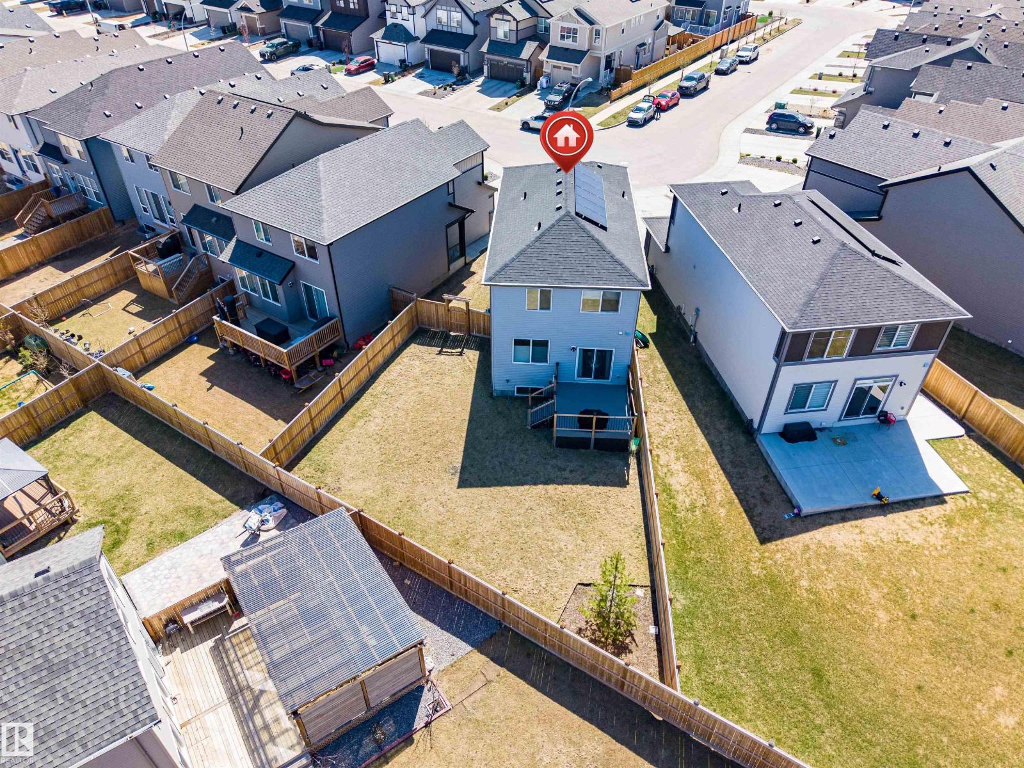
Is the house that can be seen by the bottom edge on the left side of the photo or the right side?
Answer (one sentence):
The house that can be seen by the bottom edge is on the left side of the image.
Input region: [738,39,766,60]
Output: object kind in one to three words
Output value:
car
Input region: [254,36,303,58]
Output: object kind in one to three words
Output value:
truck
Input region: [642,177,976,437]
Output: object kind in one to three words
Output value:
house
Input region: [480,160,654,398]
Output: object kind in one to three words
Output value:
house
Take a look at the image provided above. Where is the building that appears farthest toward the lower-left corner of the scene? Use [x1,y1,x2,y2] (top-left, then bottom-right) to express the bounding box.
[0,525,188,768]
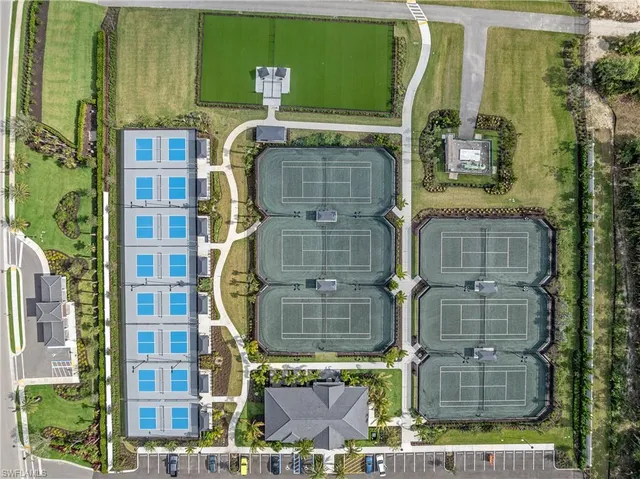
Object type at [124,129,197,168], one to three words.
sports court
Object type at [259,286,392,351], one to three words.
tennis court
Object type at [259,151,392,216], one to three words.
tennis court
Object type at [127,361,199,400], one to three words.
sports court
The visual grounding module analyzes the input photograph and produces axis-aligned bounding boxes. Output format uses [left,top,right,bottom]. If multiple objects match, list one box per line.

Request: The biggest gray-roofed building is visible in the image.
[264,378,369,454]
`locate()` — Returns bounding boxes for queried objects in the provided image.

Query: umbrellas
[258,67,269,84]
[276,68,286,84]
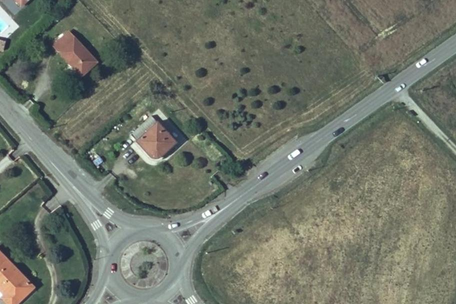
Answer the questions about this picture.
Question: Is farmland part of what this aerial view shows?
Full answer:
Yes, farmland shows up in the scene.
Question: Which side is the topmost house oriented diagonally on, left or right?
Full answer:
The topmost house oriented diagonally sits on the left side.
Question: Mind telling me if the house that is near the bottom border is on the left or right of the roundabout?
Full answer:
Relative to the roundabout, the house that is near the bottom border is on the left.
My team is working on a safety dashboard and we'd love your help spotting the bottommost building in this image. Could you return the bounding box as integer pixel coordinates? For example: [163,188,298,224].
[0,251,35,304]
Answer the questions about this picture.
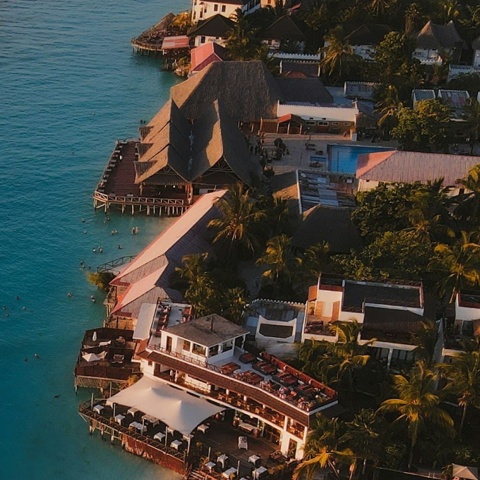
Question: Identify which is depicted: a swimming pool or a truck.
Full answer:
Looking from above, you can make out a swimming pool.
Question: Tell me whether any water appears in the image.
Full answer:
Yes, there's water in this view.
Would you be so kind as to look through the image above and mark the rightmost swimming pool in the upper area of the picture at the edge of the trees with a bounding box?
[327,144,399,175]
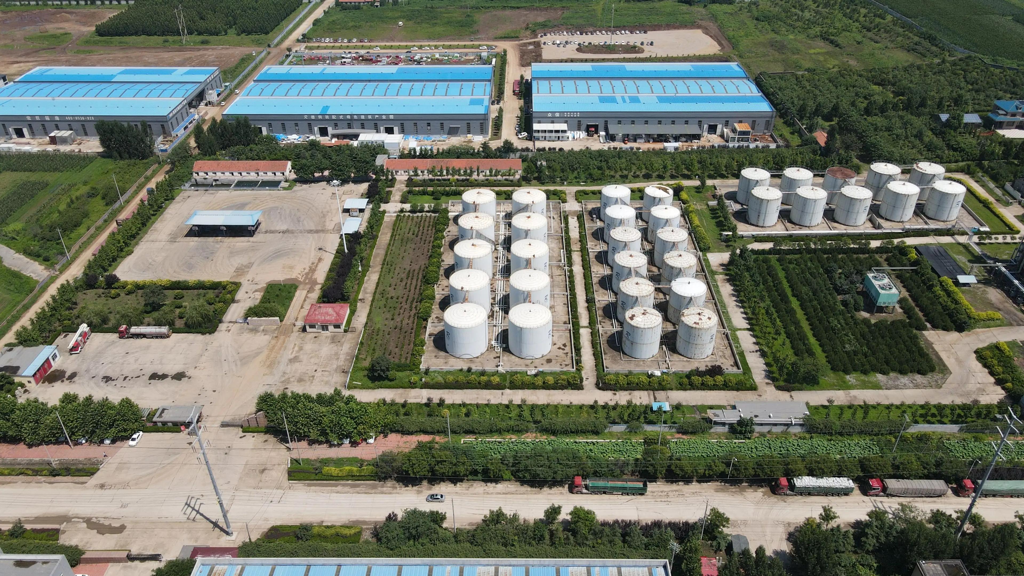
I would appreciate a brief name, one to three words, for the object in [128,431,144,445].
car
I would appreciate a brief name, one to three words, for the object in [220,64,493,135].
building
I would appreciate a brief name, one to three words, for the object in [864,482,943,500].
vehicle
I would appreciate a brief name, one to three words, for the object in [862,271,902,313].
cooling tower
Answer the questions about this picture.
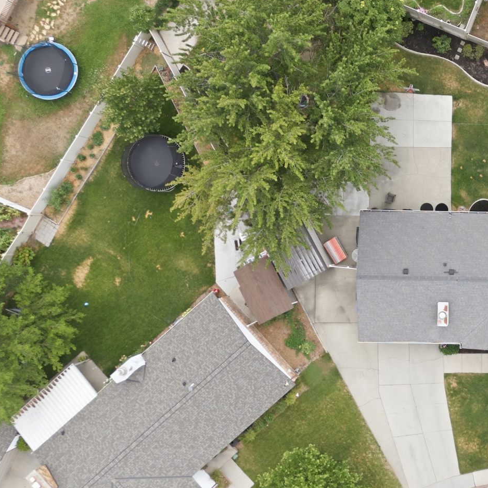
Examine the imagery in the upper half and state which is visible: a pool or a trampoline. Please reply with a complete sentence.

> [Exercise directions]: Search the listing above for the string "region". Copy every line that contains it.

> [Solution]:
Input region: [738,39,766,60]
Input region: [254,36,303,58]
Input region: [642,177,976,437]
Input region: [480,160,654,398]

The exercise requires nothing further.